There were 490 households, out of which 34.9% had children under the age of 18 living with them, 52.4% were married couples living together, 11.8% had a female householder with no husband present, and 30.8% were non-families. 26.9% of all households were made up of individuals, and 12.9% had someone living alone who was 65 years of age or older. The average household size was 2.49 and the average family size was 2.99.
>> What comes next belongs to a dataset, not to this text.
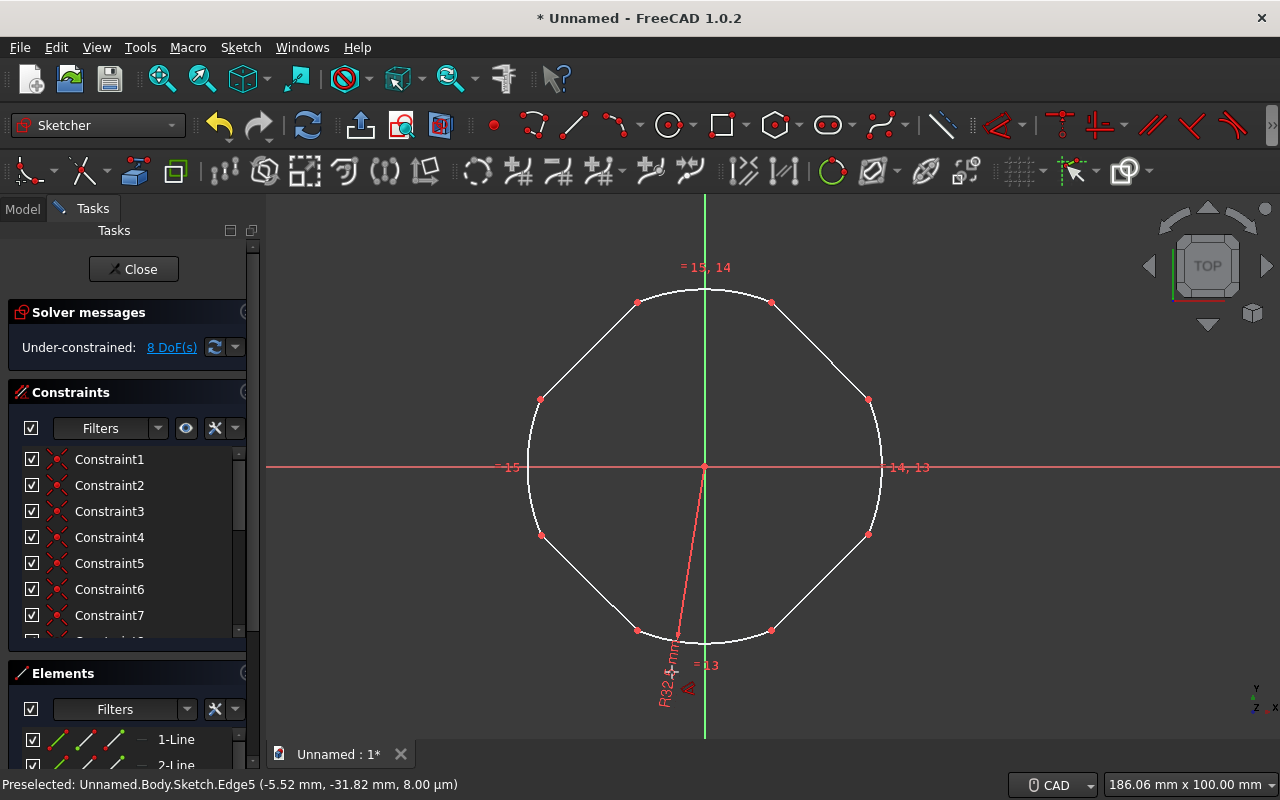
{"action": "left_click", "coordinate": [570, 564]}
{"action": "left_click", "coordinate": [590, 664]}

In the town, the population was spread out, with 26.9% under the age of 18, 11.4% from 18 to 24, 28.0% from 25 to 44, 20.2% from 45 to 64, and 13.5% who were 65 years of age or older. The median age was 33 years. For every 100 females, there were 95.4 males. For every 100 females age 18 and over, there were 87.2 males.

The median income for a household in the town was $26,823, and the median income for a family was $31,842. Males had a median income of $29,167 versus $21,875 for females. The per capita income for the town was $13,914. About 17.5% of families and 22.5% of the population were below the poverty line, including 25.6% of those under age 18 and 18.3% of those age 65 or over.
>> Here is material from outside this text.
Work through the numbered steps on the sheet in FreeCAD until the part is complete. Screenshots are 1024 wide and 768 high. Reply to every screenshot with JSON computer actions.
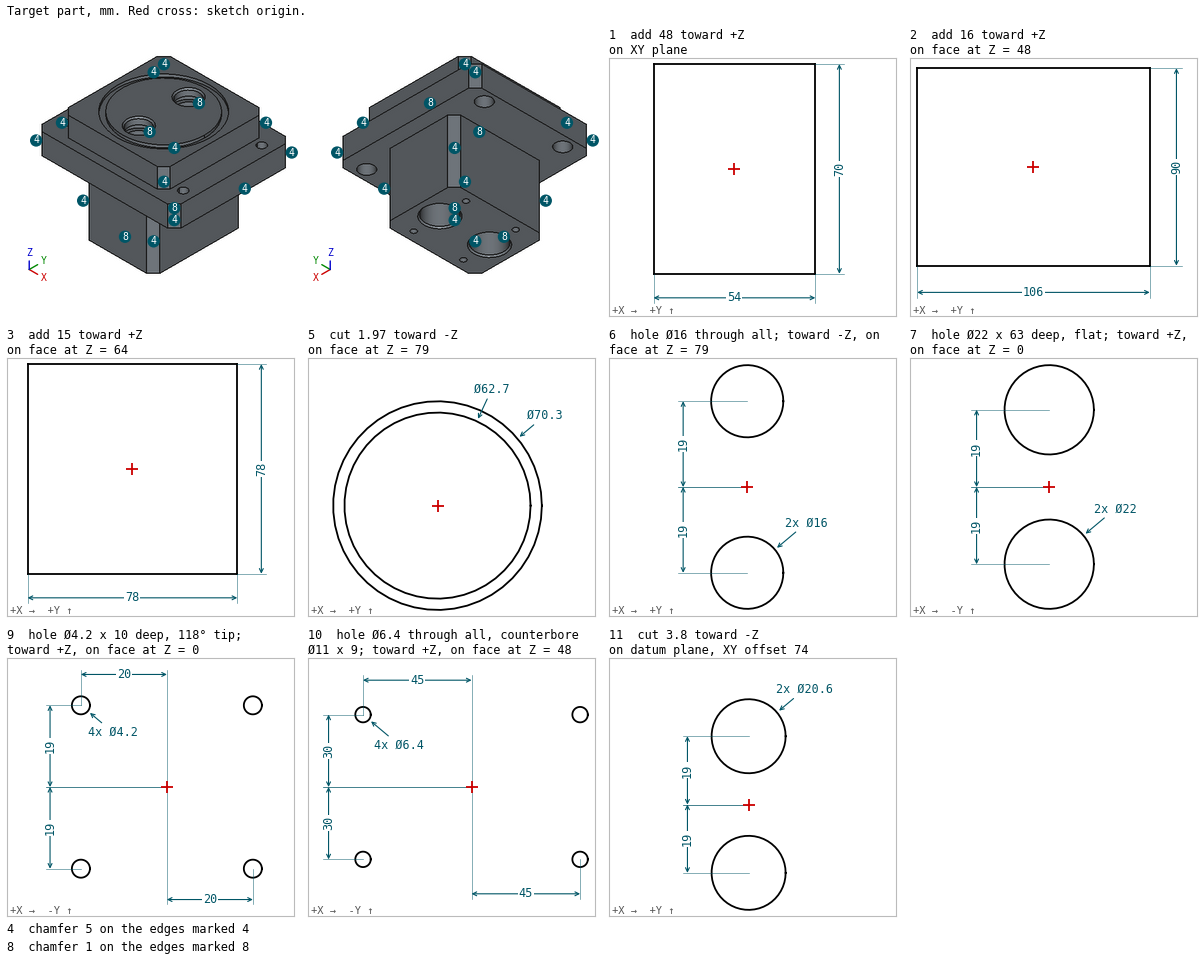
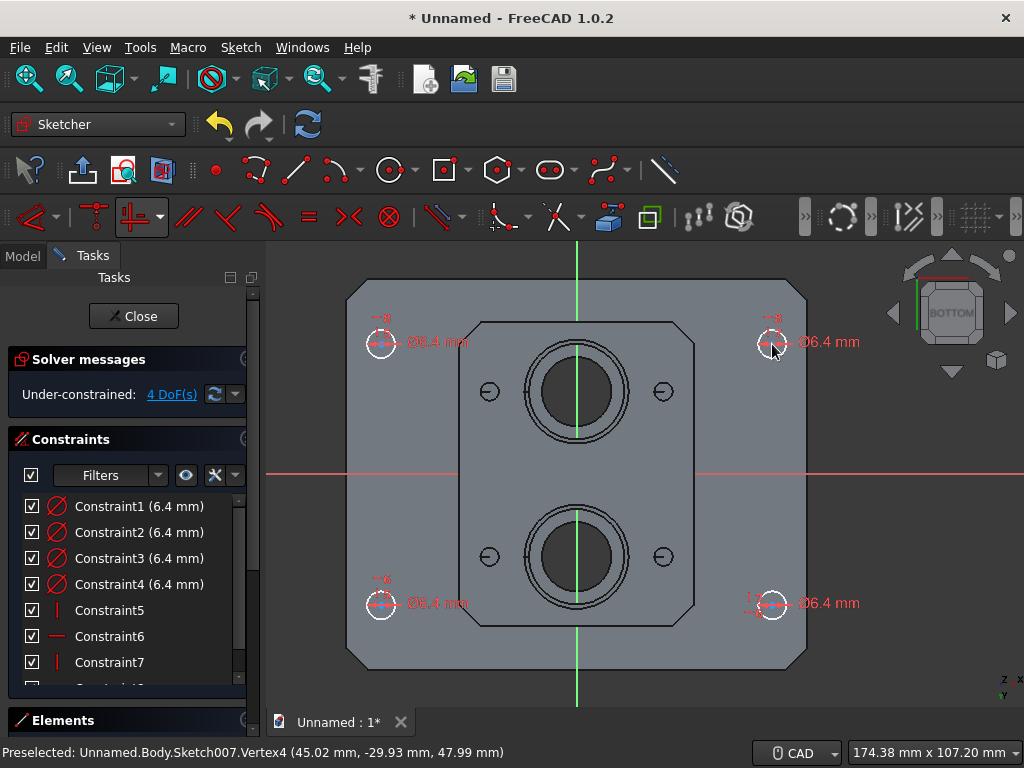
{"action": "left_click", "coordinate": [32, 218]}

As of 2010, 77.39% of the population identified themselves as belonging to a faith community; of these 86.5% were Catholic, 9.4% were Southern Baptist and 2.4% were Churches of Christ.
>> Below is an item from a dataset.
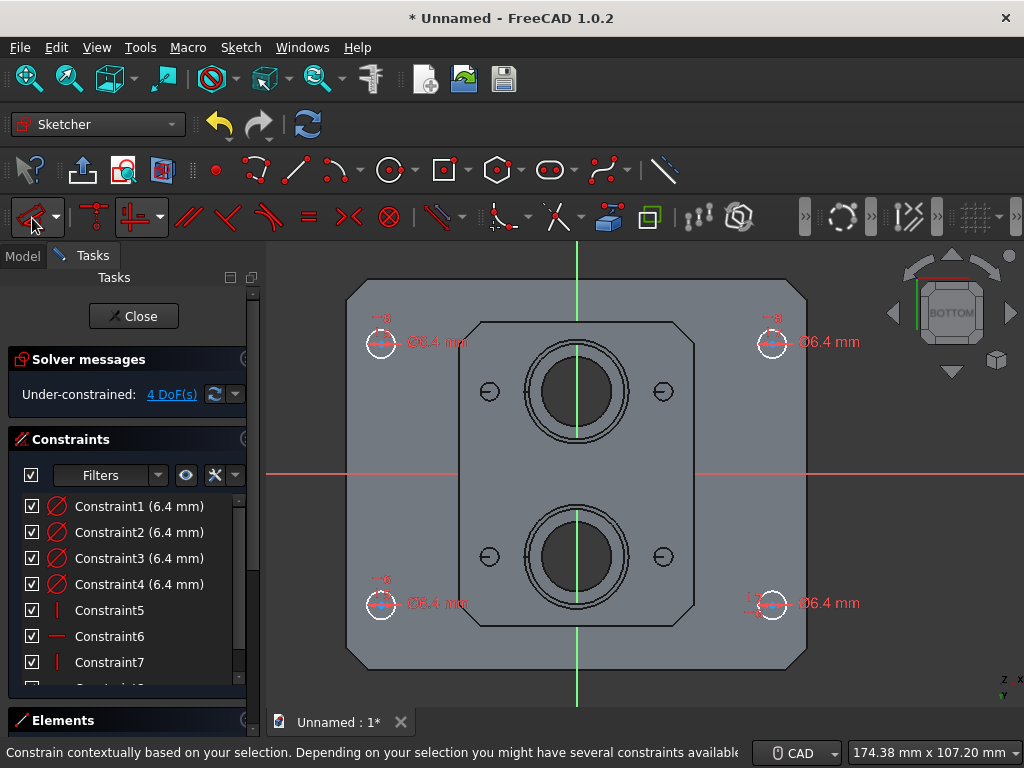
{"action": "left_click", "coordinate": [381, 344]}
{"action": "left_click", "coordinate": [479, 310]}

According to the American Community Survey of 2010–2014, 82.2% of residents identify as having either French or French Canadian ancestry.

==Film history==
- 1966: The prison camp scenes in Nevada Smith, starring Steve McQueen, were filmed just west of Krotz Springs in the 2 O'Clock Bayou area.
- 1969: The final scene of Easy Rider, starring Peter Fonda and Dennis Hopper, was filmed a few miles north of there, in which the two main characters are shot by two local residents, David C. Billodeau and Johnny David, on Louisiana Highway 105.
- 1998: In the film Out of Sight, starring George Clooney and Jennifer Lopez, two of the main characters lose control of their vehicle coming down the Atchafalaya River Bridge on U.S. Route 190 Westbound.